Aim of the task >> Within the entries below, find every line that has the string "This", then copy it.

Extracted records >>
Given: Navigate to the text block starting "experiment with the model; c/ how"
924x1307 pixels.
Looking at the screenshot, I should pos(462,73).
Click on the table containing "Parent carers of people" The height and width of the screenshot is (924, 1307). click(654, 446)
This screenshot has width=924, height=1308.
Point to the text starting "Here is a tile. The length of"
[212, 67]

==

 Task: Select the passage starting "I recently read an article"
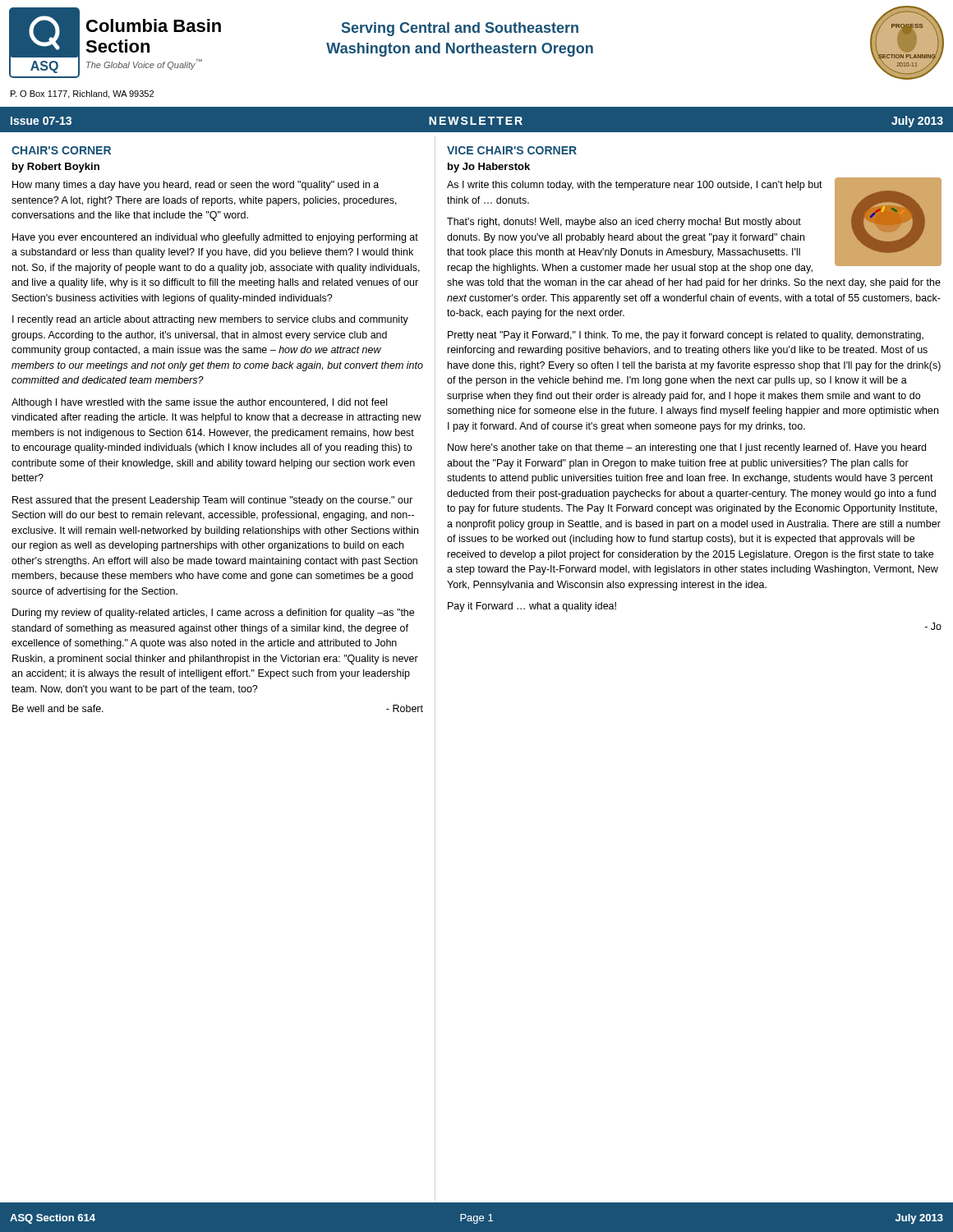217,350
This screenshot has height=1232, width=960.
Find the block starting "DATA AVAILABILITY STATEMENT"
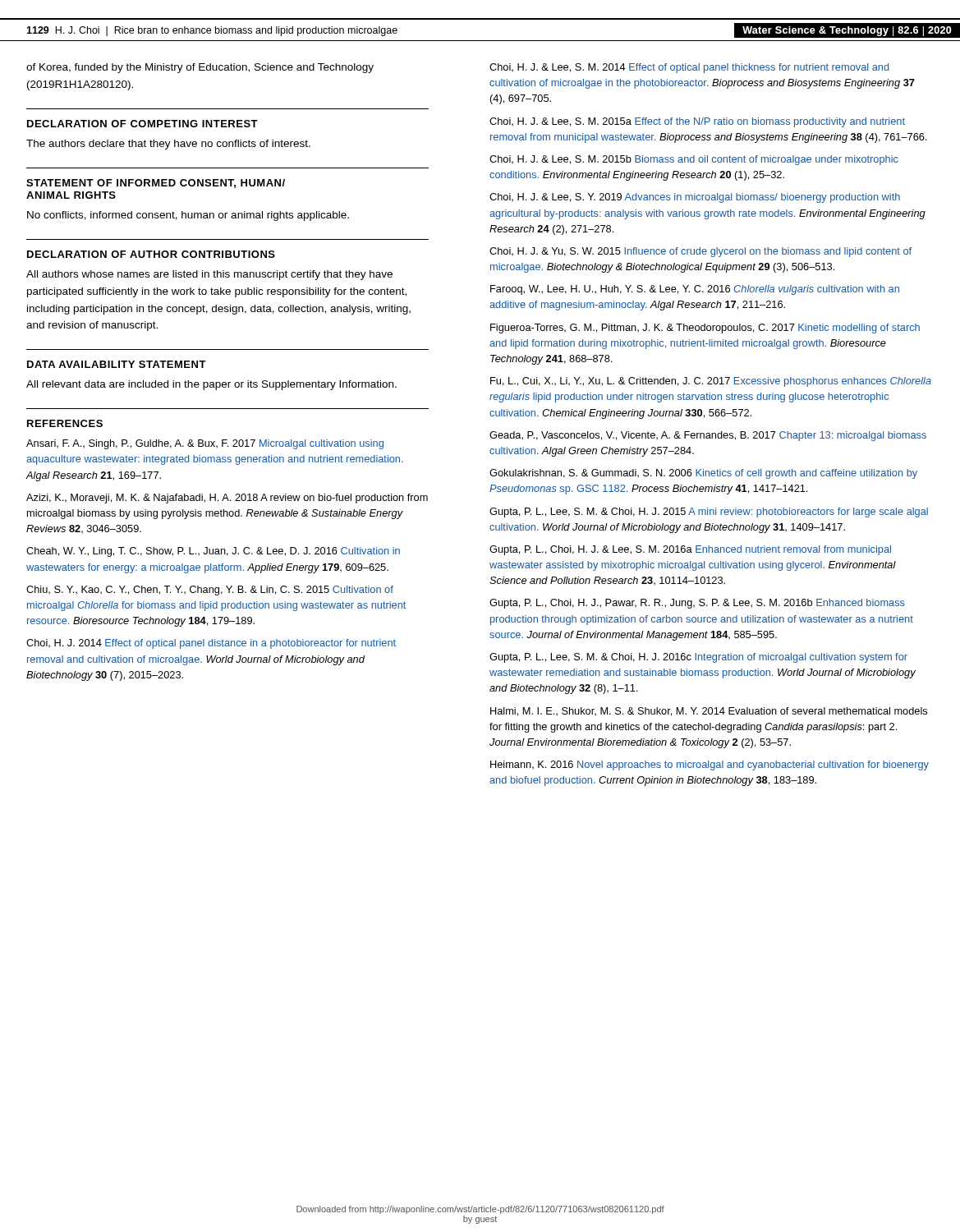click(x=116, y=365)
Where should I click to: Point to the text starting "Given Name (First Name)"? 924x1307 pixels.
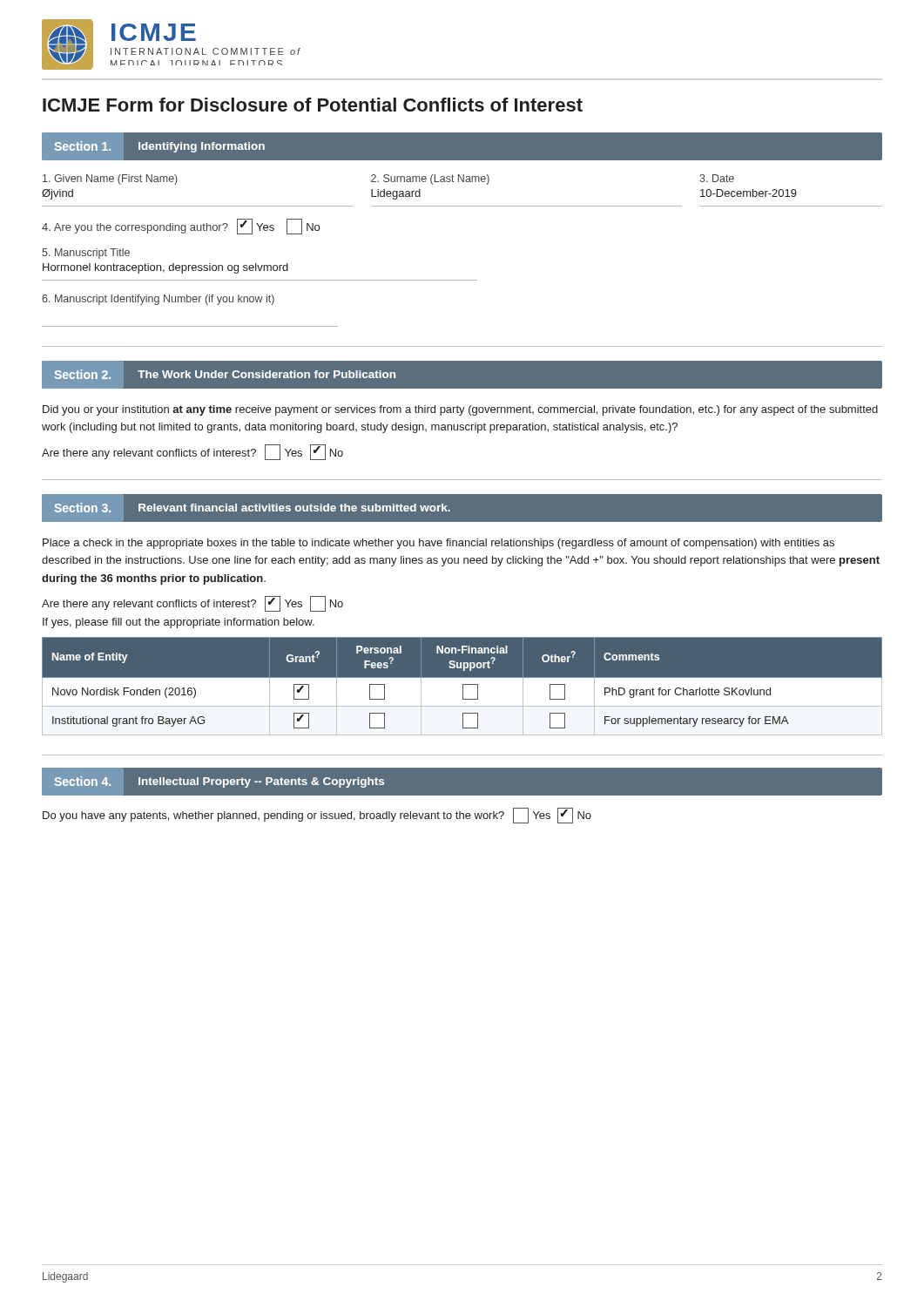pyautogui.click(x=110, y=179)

Answer space >>
This screenshot has width=924, height=1308.
This screenshot has height=1232, width=960.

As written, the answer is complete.